There’s also the classic vid by @jamesbradbury:

It’s been my experience that dimensionality has no (essentially) impact on speed. A KDTree is fast/optimized such that whether you’re looking through 13d or 250d data, it makes little difference.

This is, ultimately, where the secret sauce lies. Finding the descriptor space that makes the most for what you want to display/browse/represent. Be it a “simple” 2d thing ala CaTaRT (loudness/centroid) or a more complex/processed MFCC space, or a blend of things (LTP, LTEp).

tedmoore · December 31, 2023, 7:54pm

In my experience @rodrigo.constanzo is right. Also @rodrigo.constanzo has some great videos, many of which you can find on this discourse, and posts on this discourse that model the strategy of “knowing your data” by doing a lot of plotting, listening, and tweaking to really know what the audio analyses provide, what you care about as a listener/composer, and how to connect those two realities.

MFCCs tend to be a good general-purpose starting point. Also, it’s often not too much effort to do more analyses (spectral shape, pitch, loudness, etc.), then plot, listen, etc. and see what makes sense for you.

Something like this might get you going in that direction:

staysh · December 31, 2023, 11:10pm

Thanks for these responses.

Am I following correctly in that clustering can find dense areas and that I could maybe only allow new slices that are either not in the most dense clusters or a certain distance away, and audition the clusters and maybe start thinning/prunning from isolating and inspecting those groups?

Second question, and I’m really just winging this as I haven’t even done any more preliminary thinking as to the implications, but has anyone messed around with quantizing 13d space?
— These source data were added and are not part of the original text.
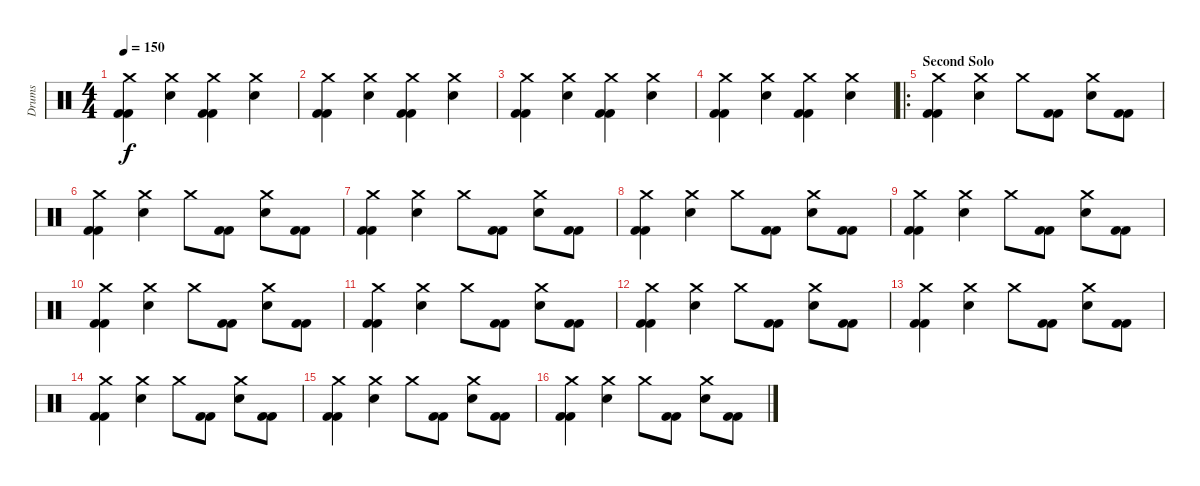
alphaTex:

\track ("Drums" "Drums") {instrument percussion}
\staff {score}
\articulation defaults
\ts (4 4)
\tempo 150
\clef neutral
\ks c
("Crash medium (hit)" "Kick (hit) 2" "Kick (hit) 2").4{dy f} ("Electric Snare (hit)" "Crash medium (hit)").4 ("Crash medium (hit)" "Kick (hit) 2" "Kick (hit) 2").4 ("Electric Snare (hit)" "Crash medium (hit)").4 |
("Crash medium (hit)" "Kick (hit) 2" "Kick (hit) 2").4 ("Electric Snare (hit)" "Crash medium (hit)").4 ("Crash medium (hit)" "Kick (hit) 2" "Kick (hit) 2").4 ("Electric Snare (hit)" "Crash medium (hit)").4 |
("Crash medium (hit)" "Kick (hit) 2" "Kick (hit) 2").4 ("Electric Snare (hit)" "Crash medium (hit)").4 ("Crash medium (hit)" "Kick (hit) 2" "Kick (hit) 2").4 ("Electric Snare (hit)" "Crash medium (hit)").4 |
("Crash medium (hit)" "Kick (hit) 2" "Kick (hit) 2").4 ("Electric Snare (hit)" "Crash medium (hit)").4 ("Crash medium (hit)" "Kick (hit) 2" "Kick (hit) 2").4 ("Electric Snare (hit)" "Crash medium (hit)").4 |
\ro
\section ("" "Second Solo")
("Crash medium (hit)" "Kick (hit) 2" "Kick (hit) 2").4 ("Electric Snare (hit)" "Crash medium (hit)").4 "Crash medium (hit)".8 ("Kick (hit) 2" "Kick (hit) 2").8 ("Crash medium (hit)" "Electric Snare (hit)").8 ("Kick (hit) 2" "Kick (hit) 2").8 |
("Crash medium (hit)" "Kick (hit) 2" "Kick (hit) 2").4 ("Electric Snare (hit)" "Crash medium (hit)").4 "Crash medium (hit)".8 ("Kick (hit) 2" "Kick (hit) 2").8 ("Crash medium (hit)" "Electric Snare (hit)").8 ("Kick (hit) 2" "Kick (hit) 2").8 |
("Crash medium (hit)" "Kick (hit) 2" "Kick (hit) 2").4 ("Electric Snare (hit)" "Crash medium (hit)").4 "Crash medium (hit)".8 ("Kick (hit) 2" "Kick (hit) 2").8 ("Crash medium (hit)" "Electric Snare (hit)").8 ("Kick (hit) 2" "Kick (hit) 2").8 |
("Crash medium (hit)" "Kick (hit) 2" "Kick (hit) 2").4 ("Electric Snare (hit)" "Crash medium (hit)").4 "Crash medium (hit)".8 ("Kick (hit) 2" "Kick (hit) 2").8 ("Crash medium (hit)" "Electric Snare (hit)").8 ("Kick (hit) 2" "Kick (hit) 2").8 |
("Crash medium (hit)" "Kick (hit) 2" "Kick (hit) 2").4 ("Electric Snare (hit)" "Crash medium (hit)").4 "Crash medium (hit)".8 ("Kick (hit) 2" "Kick (hit) 2").8 ("Crash medium (hit)" "Electric Snare (hit)").8 ("Kick (hit) 2" "Kick (hit) 2").8 |
("Crash medium (hit)" "Kick (hit) 2" "Kick (hit) 2").4 ("Electric Snare (hit)" "Crash medium (hit)").4 "Crash medium (hit)".8 ("Kick (hit) 2" "Kick (hit) 2").8 ("Crash medium (hit)" "Electric Snare (hit)").8 ("Kick (hit) 2" "Kick (hit) 2").8 |
("Crash medium (hit)" "Kick (hit) 2" "Kick (hit) 2").4 ("Electric Snare (hit)" "Crash medium (hit)").4 "Crash medium (hit)".8 ("Kick (hit) 2" "Kick (hit) 2").8 ("Crash medium (hit)" "Electric Snare (hit)").8 ("Kick (hit) 2" "Kick (hit) 2").8 |
("Crash medium (hit)" "Kick (hit) 2" "Kick (hit) 2").4 ("Electric Snare (hit)" "Crash medium (hit)").4 "Crash medium (hit)".8 ("Kick (hit) 2" "Kick (hit) 2").8 ("Crash medium (hit)" "Electric Snare (hit)").8 ("Kick (hit) 2" "Kick (hit) 2").8 |
("Crash medium (hit)" "Kick (hit) 2" "Kick (hit) 2").4 ("Electric Snare (hit)" "Crash medium (hit)").4 "Crash medium (hit)".8 ("Kick (hit) 2" "Kick (hit) 2").8 ("Crash medium (hit)" "Electric Snare (hit)").8 ("Kick (hit) 2" "Kick (hit) 2").8 |
("Crash medium (hit)" "Kick (hit) 2" "Kick (hit) 2").4 ("Electric Snare (hit)" "Crash medium (hit)").4 "Crash medium (hit)".8 ("Kick (hit) 2" "Kick (hit) 2").8 ("Crash medium (hit)" "Electric Snare (hit)").8 ("Kick (hit) 2" "Kick (hit) 2").8 |
("Crash medium (hit)" "Kick (hit) 2" "Kick (hit) 2").4 ("Electric Snare (hit)" "Crash medium (hit)").4 "Crash medium (hit)".8 ("Kick (hit) 2" "Kick (hit) 2").8 ("Crash medium (hit)" "Electric Snare (hit)").8 ("Kick (hit) 2" "Kick (hit) 2").8 |
("Crash medium (hit)" "Kick (hit) 2" "Kick (hit) 2").4 ("Electric Snare (hit)" "Crash medium (hit)").4 "Crash medium (hit)".8 ("Kick (hit) 2" "Kick (hit) 2").8 ("Crash medium (hit)" "Electric Snare (hit)").8 ("Kick (hit) 2" "Kick (hit) 2").8

I can’t really imagine how this works other than how it would in three dimensions, “does this cube have any points in it?”

…but seems like the amount of regions gets really big really quick… I guess a binary split on each “axis” would be manageable, then I’m only working with about 8192 “regions” that have hits/misses. Is this viable?

tedmoore · January 1, 2024, 10:05pm

This is something that you could do, yes.

My gut says that “quantizing 13-d space” wouldn’t bear much fruit. What are you imagining the benefit would be? A KDTree or KMeans would make more sense for a way to find relationships in 13-d space.

With 13+ dimensions, you’re starting to get cursed by the “curse of dimensionality”, so overly strategizing how your 13 dimensional space would “work” is probably not going to behave the way you might hope or guess (this goes for quantizing, but also for any distances, such as KDTree or Kmeans too!).

If you do pursue it, I’ll be curious to hear how it goes!

tremblap · January 5, 2024, 11:46am

Hello @staysh and welcome!

I’ve made a new thread with this fascinating question. Feel free to rename the thread but I thought it was a great discussion in its own right

p